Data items
-- Opening Marker --
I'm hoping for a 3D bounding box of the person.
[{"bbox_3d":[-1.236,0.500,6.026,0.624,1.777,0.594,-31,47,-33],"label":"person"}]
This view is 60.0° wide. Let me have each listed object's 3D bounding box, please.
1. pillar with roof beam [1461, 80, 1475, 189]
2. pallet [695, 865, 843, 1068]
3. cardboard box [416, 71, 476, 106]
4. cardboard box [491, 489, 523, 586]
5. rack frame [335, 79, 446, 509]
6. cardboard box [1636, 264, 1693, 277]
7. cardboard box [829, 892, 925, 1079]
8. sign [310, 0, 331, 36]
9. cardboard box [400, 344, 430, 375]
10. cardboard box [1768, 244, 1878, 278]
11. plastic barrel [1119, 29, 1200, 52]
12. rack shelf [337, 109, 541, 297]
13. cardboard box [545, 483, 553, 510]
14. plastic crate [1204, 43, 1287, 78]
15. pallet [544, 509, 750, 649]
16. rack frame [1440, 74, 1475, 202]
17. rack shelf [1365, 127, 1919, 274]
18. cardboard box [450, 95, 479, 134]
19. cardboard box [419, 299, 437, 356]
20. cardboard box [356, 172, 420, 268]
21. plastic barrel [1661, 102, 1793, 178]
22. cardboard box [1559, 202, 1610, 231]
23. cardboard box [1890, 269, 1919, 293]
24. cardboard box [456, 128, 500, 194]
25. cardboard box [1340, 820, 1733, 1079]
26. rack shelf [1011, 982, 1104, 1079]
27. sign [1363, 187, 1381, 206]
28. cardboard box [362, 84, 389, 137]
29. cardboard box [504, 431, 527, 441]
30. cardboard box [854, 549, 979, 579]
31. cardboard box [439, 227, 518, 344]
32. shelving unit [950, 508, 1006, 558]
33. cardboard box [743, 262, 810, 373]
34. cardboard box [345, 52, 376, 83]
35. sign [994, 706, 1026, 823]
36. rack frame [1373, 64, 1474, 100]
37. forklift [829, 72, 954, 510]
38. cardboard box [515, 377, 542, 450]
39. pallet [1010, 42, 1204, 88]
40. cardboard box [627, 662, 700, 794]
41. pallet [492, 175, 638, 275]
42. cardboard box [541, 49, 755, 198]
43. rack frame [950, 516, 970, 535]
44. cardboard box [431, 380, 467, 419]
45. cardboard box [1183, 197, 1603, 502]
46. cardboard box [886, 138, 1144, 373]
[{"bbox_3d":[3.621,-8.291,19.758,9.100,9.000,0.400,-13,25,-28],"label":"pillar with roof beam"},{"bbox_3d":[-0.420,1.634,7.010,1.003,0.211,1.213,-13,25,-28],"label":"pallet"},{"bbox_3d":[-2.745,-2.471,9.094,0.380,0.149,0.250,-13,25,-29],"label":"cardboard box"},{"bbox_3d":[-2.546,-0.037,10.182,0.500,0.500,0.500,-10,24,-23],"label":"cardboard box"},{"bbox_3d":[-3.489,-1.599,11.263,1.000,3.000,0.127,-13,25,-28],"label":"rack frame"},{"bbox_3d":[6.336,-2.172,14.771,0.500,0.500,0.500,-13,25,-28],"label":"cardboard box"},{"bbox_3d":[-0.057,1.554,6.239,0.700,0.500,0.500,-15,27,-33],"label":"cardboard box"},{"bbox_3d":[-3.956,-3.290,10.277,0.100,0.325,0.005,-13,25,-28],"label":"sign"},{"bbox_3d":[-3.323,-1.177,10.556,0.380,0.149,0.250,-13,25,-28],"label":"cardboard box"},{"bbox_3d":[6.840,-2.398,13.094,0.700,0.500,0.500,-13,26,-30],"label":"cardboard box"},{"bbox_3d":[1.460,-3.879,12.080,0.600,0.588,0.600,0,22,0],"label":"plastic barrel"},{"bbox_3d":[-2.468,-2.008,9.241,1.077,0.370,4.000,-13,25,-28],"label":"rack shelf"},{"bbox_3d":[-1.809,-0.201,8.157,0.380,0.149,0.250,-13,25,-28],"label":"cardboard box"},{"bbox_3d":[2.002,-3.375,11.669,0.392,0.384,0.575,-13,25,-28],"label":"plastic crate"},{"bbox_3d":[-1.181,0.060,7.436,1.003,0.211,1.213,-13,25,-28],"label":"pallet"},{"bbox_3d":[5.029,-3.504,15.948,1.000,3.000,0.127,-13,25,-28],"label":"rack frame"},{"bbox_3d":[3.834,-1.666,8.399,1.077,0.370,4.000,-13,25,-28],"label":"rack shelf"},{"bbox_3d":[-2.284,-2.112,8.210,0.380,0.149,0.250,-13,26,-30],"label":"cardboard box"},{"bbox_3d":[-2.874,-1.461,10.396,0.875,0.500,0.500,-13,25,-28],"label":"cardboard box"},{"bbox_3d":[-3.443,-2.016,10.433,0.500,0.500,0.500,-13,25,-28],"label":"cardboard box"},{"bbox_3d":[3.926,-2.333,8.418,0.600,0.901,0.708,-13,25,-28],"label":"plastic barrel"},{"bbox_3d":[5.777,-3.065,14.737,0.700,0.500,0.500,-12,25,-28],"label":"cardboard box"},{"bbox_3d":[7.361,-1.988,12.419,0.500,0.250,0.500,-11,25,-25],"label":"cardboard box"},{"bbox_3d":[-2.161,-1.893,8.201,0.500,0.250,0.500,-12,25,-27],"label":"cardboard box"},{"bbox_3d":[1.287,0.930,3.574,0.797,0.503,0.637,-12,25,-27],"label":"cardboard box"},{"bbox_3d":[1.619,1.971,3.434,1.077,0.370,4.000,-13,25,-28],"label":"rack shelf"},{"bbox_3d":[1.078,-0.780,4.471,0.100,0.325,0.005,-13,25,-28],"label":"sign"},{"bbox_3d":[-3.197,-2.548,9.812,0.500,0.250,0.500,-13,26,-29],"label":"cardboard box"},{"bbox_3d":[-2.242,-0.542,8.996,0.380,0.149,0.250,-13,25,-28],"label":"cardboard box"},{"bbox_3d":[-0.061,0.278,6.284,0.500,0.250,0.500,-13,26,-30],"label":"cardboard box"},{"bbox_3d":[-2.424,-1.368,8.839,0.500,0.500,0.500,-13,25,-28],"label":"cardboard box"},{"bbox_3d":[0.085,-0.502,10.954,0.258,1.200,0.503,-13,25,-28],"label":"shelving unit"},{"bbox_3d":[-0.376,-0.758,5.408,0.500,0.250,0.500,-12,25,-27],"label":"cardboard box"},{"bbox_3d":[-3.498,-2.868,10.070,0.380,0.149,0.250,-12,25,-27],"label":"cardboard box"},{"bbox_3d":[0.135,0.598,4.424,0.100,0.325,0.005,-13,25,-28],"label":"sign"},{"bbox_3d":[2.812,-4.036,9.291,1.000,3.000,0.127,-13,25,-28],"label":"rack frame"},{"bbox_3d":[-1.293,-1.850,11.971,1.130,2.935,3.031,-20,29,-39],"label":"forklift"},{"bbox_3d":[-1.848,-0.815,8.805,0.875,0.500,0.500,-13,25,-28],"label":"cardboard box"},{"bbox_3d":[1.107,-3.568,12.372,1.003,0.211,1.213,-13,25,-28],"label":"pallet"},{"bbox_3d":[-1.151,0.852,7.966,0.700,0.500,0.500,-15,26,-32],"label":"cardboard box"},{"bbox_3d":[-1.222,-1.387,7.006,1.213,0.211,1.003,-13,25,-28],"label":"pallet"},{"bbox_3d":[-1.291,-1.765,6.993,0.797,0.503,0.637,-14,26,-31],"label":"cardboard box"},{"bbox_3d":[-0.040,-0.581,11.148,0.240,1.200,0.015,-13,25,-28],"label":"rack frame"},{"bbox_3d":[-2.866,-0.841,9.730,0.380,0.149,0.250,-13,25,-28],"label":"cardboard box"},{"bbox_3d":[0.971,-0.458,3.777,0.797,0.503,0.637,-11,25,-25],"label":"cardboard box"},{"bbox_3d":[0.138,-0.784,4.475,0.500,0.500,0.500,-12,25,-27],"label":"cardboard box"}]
-- Closing Marker --
EXERCISE DESCRIPTION
The answer must consist solely of the lines from the first line of the data to the line holding "31. cardboard box [439, 227, 518, 344]", each given again exactly.

ANSWER TO THE EXERCISE
I'm hoping for a 3D bounding box of the person.
[{"bbox_3d":[-1.236,0.500,6.026,0.624,1.777,0.594,-31,47,-33],"label":"person"}]
This view is 60.0° wide. Let me have each listed object's 3D bounding box, please.
1. pillar with roof beam [1461, 80, 1475, 189]
2. pallet [695, 865, 843, 1068]
3. cardboard box [416, 71, 476, 106]
4. cardboard box [491, 489, 523, 586]
5. rack frame [335, 79, 446, 509]
6. cardboard box [1636, 264, 1693, 277]
7. cardboard box [829, 892, 925, 1079]
8. sign [310, 0, 331, 36]
9. cardboard box [400, 344, 430, 375]
10. cardboard box [1768, 244, 1878, 278]
11. plastic barrel [1119, 29, 1200, 52]
12. rack shelf [337, 109, 541, 297]
13. cardboard box [545, 483, 553, 510]
14. plastic crate [1204, 43, 1287, 78]
15. pallet [544, 509, 750, 649]
16. rack frame [1440, 74, 1475, 202]
17. rack shelf [1365, 127, 1919, 274]
18. cardboard box [450, 95, 479, 134]
19. cardboard box [419, 299, 437, 356]
20. cardboard box [356, 172, 420, 268]
21. plastic barrel [1661, 102, 1793, 178]
22. cardboard box [1559, 202, 1610, 231]
23. cardboard box [1890, 269, 1919, 293]
24. cardboard box [456, 128, 500, 194]
25. cardboard box [1340, 820, 1733, 1079]
26. rack shelf [1011, 982, 1104, 1079]
27. sign [1363, 187, 1381, 206]
28. cardboard box [362, 84, 389, 137]
29. cardboard box [504, 431, 527, 441]
30. cardboard box [854, 549, 979, 579]
31. cardboard box [439, 227, 518, 344]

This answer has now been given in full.